Disruption is everywhere. Upstarts challenging the status quo, entire industries transforming overnight, disrupt or be disrupted. But for every Apple, there's a Blackberry. For every Facebook, there's a MySpace. For investors, the struggle to put a price on so-called blockbuster technologies is harder than ever.

Pricing the future

For the Rob Arnott's of the world, their assumptions about the future are informed by the past. They remember periods of wild market speculation and sudden dramatic declines. Of big, successful "disruptors" like Cisco crashing in the 2000s tech bubble and shattering expectations. From the largest market-cap stock on the planet to a decline of 80%, Cisco's share price is still lower than it was at the peak in 2000 even though they've delivered double digital growth for the last 21 years. Where markets are pricing in stupendous growth, delivering impressive growth isn't enough, he remarks:

"Things that are expensive are always expensive based on a narrative of everything going amazingly well, of path-breaking disruption – and here's the trick: narratives are true," he says.

ARK Investment’s Cathie Wood and Research Affiliates Rob Arnott spar over Tesla’s future.

ARK Investment’s Cathie Wood and Research Affiliates Rob Arnott spar over Tesla’s future at the Morningstar Investment Conference in Chicago.

"The narratives that drive these companies to lofty valuation are for the most part true. But the important question to ask is not is this an amazing narrative, but what about this narrative isn't known to the broad market and isn't already reflected in the share price.

"Bubble stocks have to exceed the narrative that shapes their expectation and price in order to go up.

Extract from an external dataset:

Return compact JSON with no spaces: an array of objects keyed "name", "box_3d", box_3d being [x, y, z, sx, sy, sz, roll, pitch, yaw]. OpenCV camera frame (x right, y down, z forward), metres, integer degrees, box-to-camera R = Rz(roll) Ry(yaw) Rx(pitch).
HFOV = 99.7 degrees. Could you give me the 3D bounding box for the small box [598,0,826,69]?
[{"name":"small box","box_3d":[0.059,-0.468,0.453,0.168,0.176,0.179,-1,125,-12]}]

"I love growth, I love disruption, I love technological innovation. I agree that a brave new world in which technological innovation advances humanity in amazing and wonderful ways is our future. Where I would question is how much of this isn't already reflected in the prices when you have companies priced at multiples of aggregate revenues rather than multiples of profits.

"Those companies are pricing in extravagant growth that may be possible – but in many cases, there will be shortfalls, and they have to produce that growth just to justify where they are on price."

Arnott himself believes deeply in the theory of mean reversion - that asset prices and historical returns gradually move towards the long-term mean. When there is very rapid earnings growth, this tends to mean the price will revert downwards. Similarly, when earnings are tanking, they tend to revert up (except in the case of value traps). His job is to estimate the trading range for a security and purchase it below that range to pick up a bargain. As any value manager will tell you, the last decade has not been kind to this strategy.

For the Catherine Woods of the world, they believe markets are entering a new era. Her firm believes the world is on the cusp of transformations in every sector globally, the likes which we have not seen since the early-1900s. She likens innovations like DNA sequencing, adaptive robotics, energy storage, artificial intelligence and blockchain technology to the telephone, electricity and the automobile. She says the full potential of these technologies is only just beginning to be understood, and that dramatic and accelerating declines in costs will deliver outsized growth.

"We’re looking forward, not backward. We are looking at exponential growth opportunities that have evolved as these innovation platforms have started to mature and move into prime time," Wood says.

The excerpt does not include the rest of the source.